There isn't enough evidence that confirms whether they were 2 or 3 hackers. And as we know in Kmeans as number of clusters increase the WSSE decreases. We could check the WSSE for more number of clusters to check whether the WSSE suddenly drops for a particular number of clusters (Elbow Method).

In [20]:
for k in range(2,9):
    kmeans = KMeans(featuresCol='scaledFeatures',k=k)
    model = kmeans.fit(cluster_final_data)
    wssse = model.computeCost(cluster_final_data)
    print("For {} hackers: ".format(k))
    print("Within Set Sum of Squared Errors = " + str(wssse))
    print('--'*30)

For 2 hackers: 
Within Set Sum of Squared Errors = 601.7707512676716
------------------------------------------------------------
For 3 hackers: 
Within Set Sum of Squared Errors = 434.1492898715845
------------------------------------------------------------
For 4 hackers: 
Within Set Sum of Squared Errors = 267.1336116887891
------------------------------------------------------------
For 5 hackers: 
Within Set Sum of Squared Errors = 401.0534138416211
------------------------------------------------------------
For 6 hackers: 
Within Set Sum of Squared Errors = 240.58180197600024
------------------------------------------------------------
For 7 hackers: 
Within Set Sum of Squared Errors = 224.75676930192807
------------------------------------------------------------
For 8 hackers: 
Within Set Sum of Squared Errors = 228.32460058156488
------------------------------------------------------------


There is no sudden drop in WSSE for any of the above considered number of clusters. 

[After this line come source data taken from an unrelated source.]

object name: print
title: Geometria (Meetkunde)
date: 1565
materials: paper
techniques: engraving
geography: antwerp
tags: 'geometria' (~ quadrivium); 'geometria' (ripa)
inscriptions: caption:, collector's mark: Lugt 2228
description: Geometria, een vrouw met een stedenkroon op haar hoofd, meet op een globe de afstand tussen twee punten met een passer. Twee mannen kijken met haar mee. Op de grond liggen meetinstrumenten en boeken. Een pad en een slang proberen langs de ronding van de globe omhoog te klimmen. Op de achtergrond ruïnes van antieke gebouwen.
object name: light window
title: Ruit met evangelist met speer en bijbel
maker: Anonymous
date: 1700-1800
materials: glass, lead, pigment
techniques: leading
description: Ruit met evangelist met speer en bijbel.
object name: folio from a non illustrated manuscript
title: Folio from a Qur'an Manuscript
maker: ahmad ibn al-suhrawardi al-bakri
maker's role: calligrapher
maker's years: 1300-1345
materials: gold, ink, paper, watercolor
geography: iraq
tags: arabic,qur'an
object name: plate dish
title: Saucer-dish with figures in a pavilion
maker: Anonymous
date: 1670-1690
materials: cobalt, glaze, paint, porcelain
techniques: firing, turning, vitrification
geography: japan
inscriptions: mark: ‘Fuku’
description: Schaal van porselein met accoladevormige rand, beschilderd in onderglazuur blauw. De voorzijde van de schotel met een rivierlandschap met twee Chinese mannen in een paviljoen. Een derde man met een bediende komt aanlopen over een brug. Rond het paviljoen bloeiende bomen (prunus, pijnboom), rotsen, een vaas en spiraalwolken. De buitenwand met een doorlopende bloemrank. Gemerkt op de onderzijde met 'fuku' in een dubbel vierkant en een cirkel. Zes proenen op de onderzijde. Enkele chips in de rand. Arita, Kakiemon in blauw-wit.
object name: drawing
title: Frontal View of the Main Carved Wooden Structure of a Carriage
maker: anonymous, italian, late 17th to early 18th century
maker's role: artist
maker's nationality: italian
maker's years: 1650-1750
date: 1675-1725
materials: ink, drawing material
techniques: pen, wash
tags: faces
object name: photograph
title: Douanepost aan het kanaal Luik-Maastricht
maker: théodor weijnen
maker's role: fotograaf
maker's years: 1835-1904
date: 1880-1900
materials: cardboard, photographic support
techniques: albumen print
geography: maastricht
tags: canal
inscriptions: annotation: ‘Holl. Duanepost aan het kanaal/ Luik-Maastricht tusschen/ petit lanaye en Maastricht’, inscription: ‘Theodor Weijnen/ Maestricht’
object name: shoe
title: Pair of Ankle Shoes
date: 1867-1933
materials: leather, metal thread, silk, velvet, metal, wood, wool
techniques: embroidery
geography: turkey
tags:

Lastly we could check the number of trade off attacks by the hackers since as mentioned by the forensic engineer the hackers had roughly same amount of attacks.

In [21]:
# Check number of attacks for 3 hackers

model_k3.transform(cluster_final_data).groupBy('prediction').count().show()

+----------+-----+
|prediction|count|
+----------+-----+
|         1|  167|
|         2|   83|
|         0|   84|
+----------+-----+



In [22]:
# Check number of attacks for 2 hackers

model_k2.transform(cluster_final_data).groupBy('prediction').count().show()

+----------+-----+
|prediction|count|
+----------+-----+
|         1|  167|
|         0|  167|
+----------+-----+



As seen above, there is a even split in the number of attacks for 2 hackers. This proves that 2 hackers perpetrated the attack on the technology firm.

________